Cada um de nós já soube de pelo menos uma festa de casamento que tenha dado errado. São azares que fazem parte da vida. Não dá para evitá-los. O negócio é torcer para que não aconteçam – mas eles acabarão acontecendo.

Recordemos, a propósito, o caso do japonês Tatsuhiko Kawata. Imaginem que o dito cujo descobriu, na véspera do casamento, que não queria mais ir ao altar. O problema é que ele estava envergonhado de confessar isto para sua noiva, os parentes e os convidados. A solução que ele arrumou: tacou fogo no hotel em cujas dependências o casamento iria acontecer. Foi um pandemônio: convidados e noiva fugindo desesperados, os bombeiros tentando controlar o incêndio e a polícia atrás de Tatsuhiko - que pelo menos permaneceu solteiro. Preso, mas solteiro.

Quem também acabou no xadrez foi a noiva inglesa Nicola Hutin. Na festa de seu casamento, muito alegre, ela começou a beber descontroladamente. Daí para uma briga com um dos convidados foi um pulo. O problema é que ela resolveu brigar de faca na mão, e quase que as bodas acabaram no necrotério municipal.

Por falar nisso, merece menção a incrível festa de casamento realizada em Astrakhan, na Rússia, durante a qual um dos convidados sacou uma pistola e começou a brincar de roleta-russa. Sobrou para um dos infelizes participantes do sinistro torneio, que acabou se ferindo gravemente.

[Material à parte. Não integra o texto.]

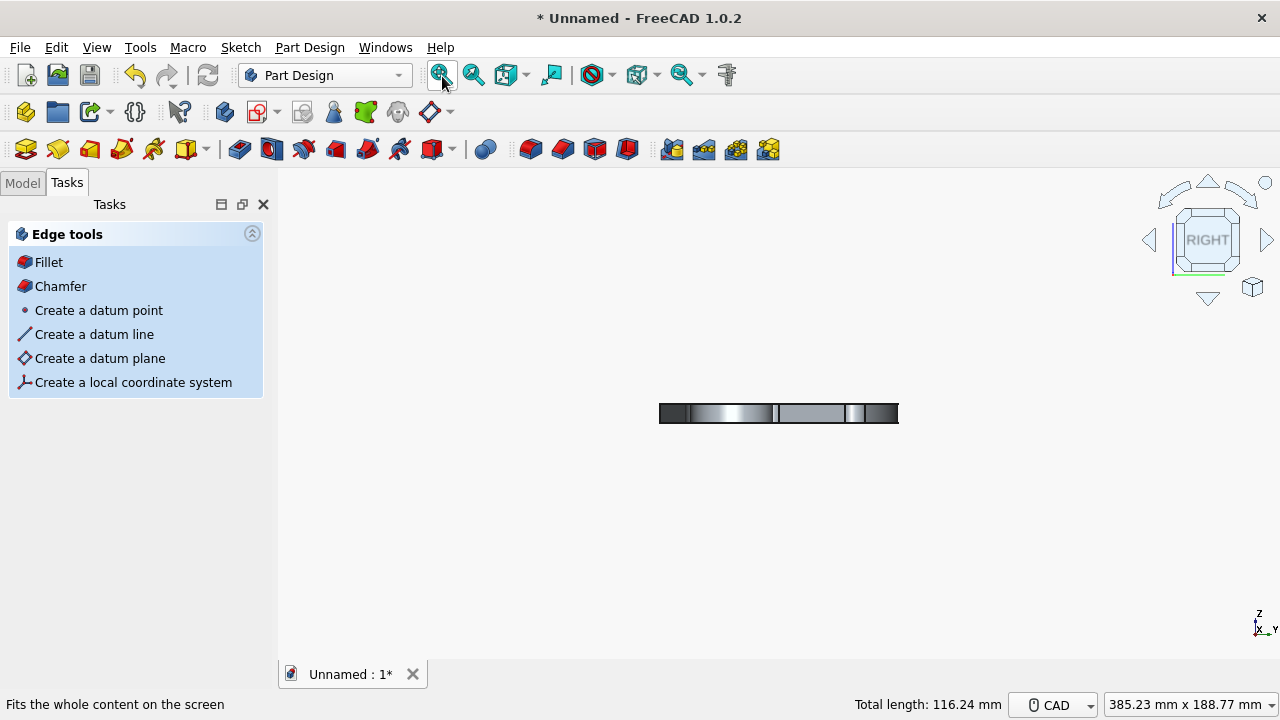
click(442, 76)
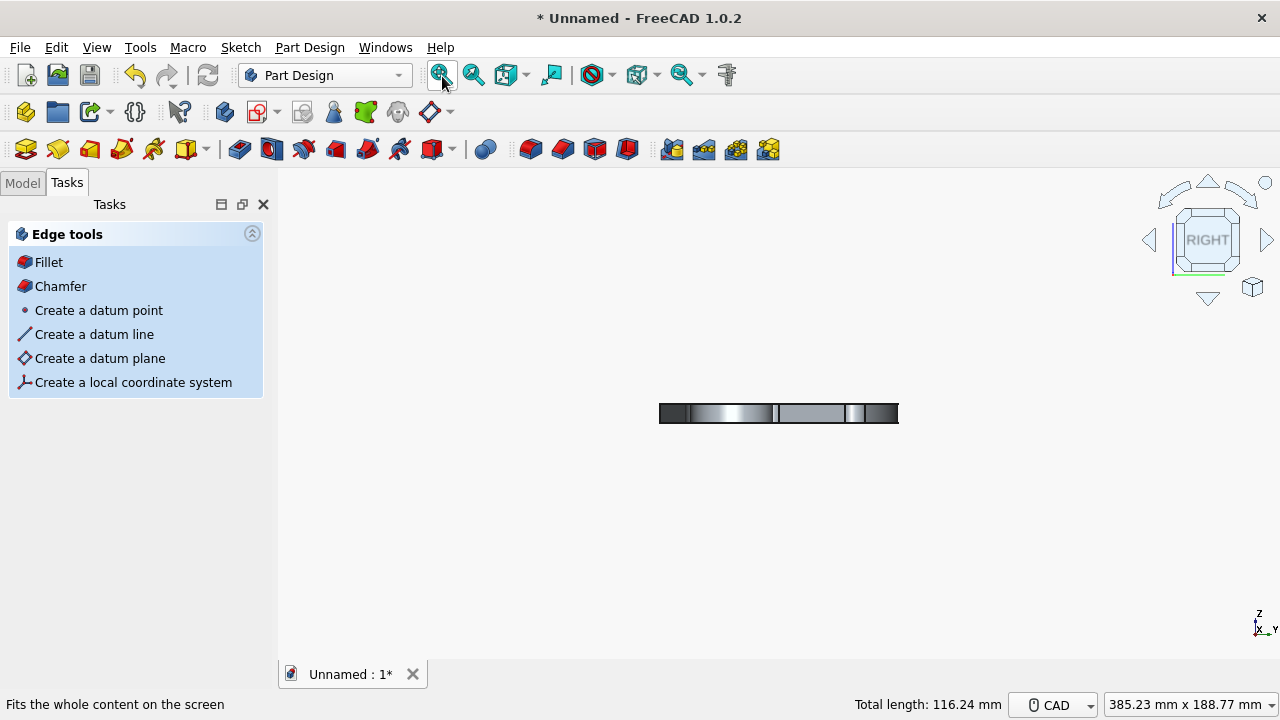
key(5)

O episódio seguinte aconteceu em Houston, nos EUA. Durante uma festa de casamento um dos convidados decidiu assaltar, a bico de revólver, o DJ. Como ele nada tinha de valor, o convidado-ladrão acabou dando uns tiros para o ar e roubando dos noivos um jarro de cristal.

Não menos sofrido foi um casamento realizado em Melton, no Reino Unido. Para começar, um dos pajens começou a ficar roxo, teve um colapso e foi levado às pressas para um hospital. Poucos minutos depois foi a vez da mãe do noivo perder os sentidos - foi socorrida pela mesma ambulância que havia levado o menino. Logo depois que os médicos saíram levando a senhora para o hospital um dos convidados passou mal, ao receber pelo celular a notícia do falecimento de seu pai. Durante a festa do casamento - sim, eles insistiram em manter a festa - uma peça de vidro caiu sobre a cabeça de uma criança, causando diversos cortes. Logo depois outra criança caiu e abriu a cabeça. Um caso sério, este casamento.

Mas o episódio mais incrível de todos vem lá da Itália. Trata-se da noiva que derrubou um avião ao praticar o tradicional ato de jogar um bouquet de flores para as mulheres presentes. Tudo começou quando os dois pombinhos tiveram a ideia de alugar um avião para irem embora da festa e lá de cima jogarem as flores para os convidados. E assim fizeram. O problema é que as flores foram sugadas pelo motor, que pegou fogo. Seguiu-se a queda do avião no meio dos convidados. Felizmente ninguém morreu, e apenas um dos passageiros machucou-se com o acidente.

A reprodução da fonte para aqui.